X = torch.randn(64, 32)
y = torch.randint(0, 2, (64,)).float()
loss = nn.BCEWithLogitsLoss()(deep_resnet(X).squeeze(), y)
loss.backward()

# All weight gradients should be non-zero (no vanishing)
for name, p in list(deep_resnet.named_parameters())[:6]:
    if p.grad is not None:
        print(f"{name}: {p.grad.norm():.4f}")

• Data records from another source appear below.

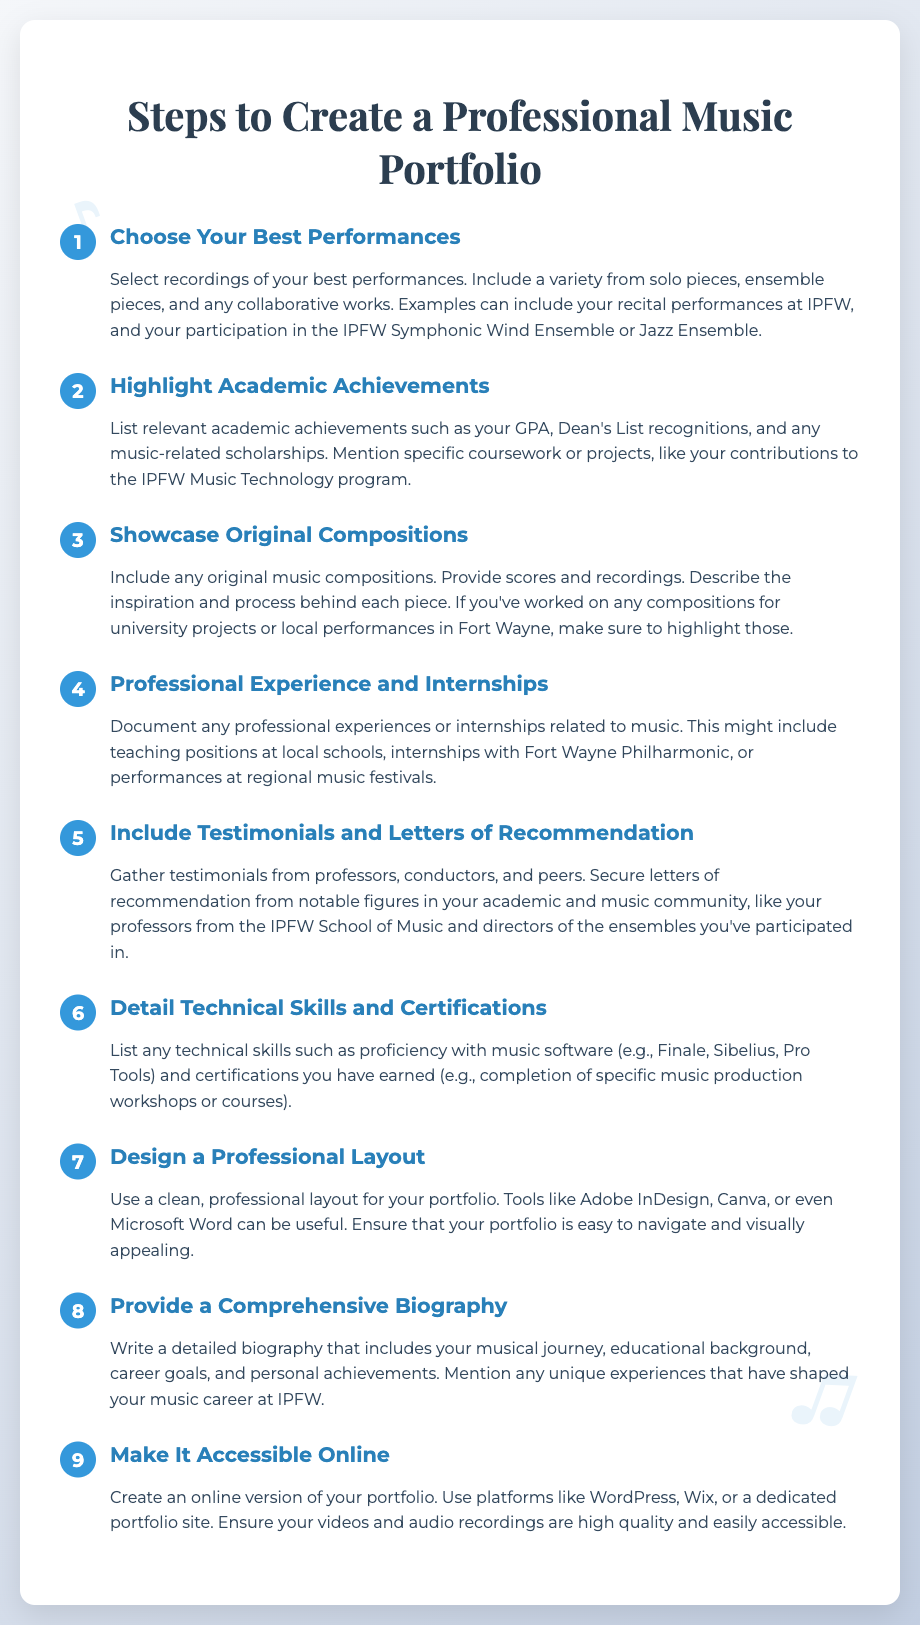What is the first step to create a professional music portfolio? The first step mentioned in the document is "Choose Your Best Performances," which involves selecting recordings of your best performances.
Answer: Choose Your Best Performances What should you include when showcasing original compositions? When showcasing original compositions, you should include scores and recordings, as well as describe the inspiration and process behind each piece.
Answer: Scores and recordings How many steps are there to create a professional music portfolio? The document outlines a total of nine steps involved in creating a professional music portfolio.
Answer: Nine Which software skills are mentioned in the document? The document mentions proficiency with music software such as Finale, Sibelius, and Pro Tools as important technical skills.
Answer: Finale, Sibelius, Pro Tools What type of experiences should be documented under professional experience? The document suggests documenting teaching positions, internships, and performances related to music as professional experiences.
Answer: Teaching positions, internships, performances What is a key element in designing your portfolio? A key element in designing your portfolio is using a clean, professional layout that is easy to navigate and visually appealing.
Answer: Clean, professional layout Which elements can enhance the credibility of your portfolio? Gathering testimonials and securing letters of recommendation from professors and notable figures in the music community can enhance credibility.
Answer: Testimonials and letters of recommendation What should your biography include? Your biography should include your musical journey, educational background, career goals, and personal achievements along with unique experiences.
Answer: Musical journey, educational background, career goals, personal achievements What online platforms can be used to make your portfolio accessible? The document suggests using platforms like WordPress, Wix, or a dedicated portfolio site to make your portfolio accessible online.
Answer: WordPress, Wix, dedicated portfolio site

Fix 4: Proper Initialisation

Python
import torch
import torch.nn as nn

# Poor init (e.g., all zeros, large random)  saturated activations from step 1
# Xavier init: W ~ N(0, 2/(fan_in + fan_out))  keeps activation variance ~1

def compare_init_gradient_flow(init_strategy: str, n_layers: int = 5) -> float:
    layers = []
    for _ in range(n_layers):
        linear = nn.Linear(64, 64)
        
        if init_strategy == "zeros":
            nn.init.zeros_(linear.weight)
        elif init_strategy == "large":
            nn.init.normal_(linear.weight, std=5.0)
        elif init_strategy == "xavier":
            nn.init.xavier_uniform_(linear.weight)
        elif init_strategy == "kaiming":
            nn.init.kaiming_normal_(linear.weight, nonlinearity="relu")
        
        layers.extend([linear, nn.Sigmoid()])
    layers.append(nn.Linear(64, 1))
    model = nn.Sequential(*layers)
    
    X = torch.randn(32, 64)
    y = torch.randint(0, 2, (32,)).float()
    loss = nn.BCEWithLogitsLoss()(model(X).squeeze(), y)
    loss.backward()
    
    first_layer_grad = next(model.parameters()).grad
    return first_layer_grad.norm().item() if first_layer_grad is not None else 0.0

for strategy in ["zeros", "large", "xavier", "kaiming"]:
    grad_norm = compare_init_gradient_flow(strategy)
    print(f"{strategy:10s}: first-layer gradient norm = {grad_norm:.2e}")

Interview Answer

"Vanishing gradients occur when gradient signals shrink to near-zero as they propagate backward through many layers. The root cause: chain rule multiplies many terms together, and for sigmoid/tanh activations, each term is at most 0.25 (sigmoid) — multiplying ten of these gives ~10⁻⁶. Early layers receive almost no gradient and don't learn. Four solutions: (1) ReLU activation — gradient is 0 or 1, not a decaying fraction; (2) BatchNorm — keeps activations in the non-saturated regime of sigmoid/tanh by normalising before activation; (3) Residual connections (ResNet) — add x directly to F(x), providing a gradient highway that doesn't pass through activations; (4) Proper initialisation (Xavier/Kaiming) — ensures activations start in the appropriate range. ReLU + Kaiming init is the standard for most architectures; residual connections are added for networks deeper than ~10 layers."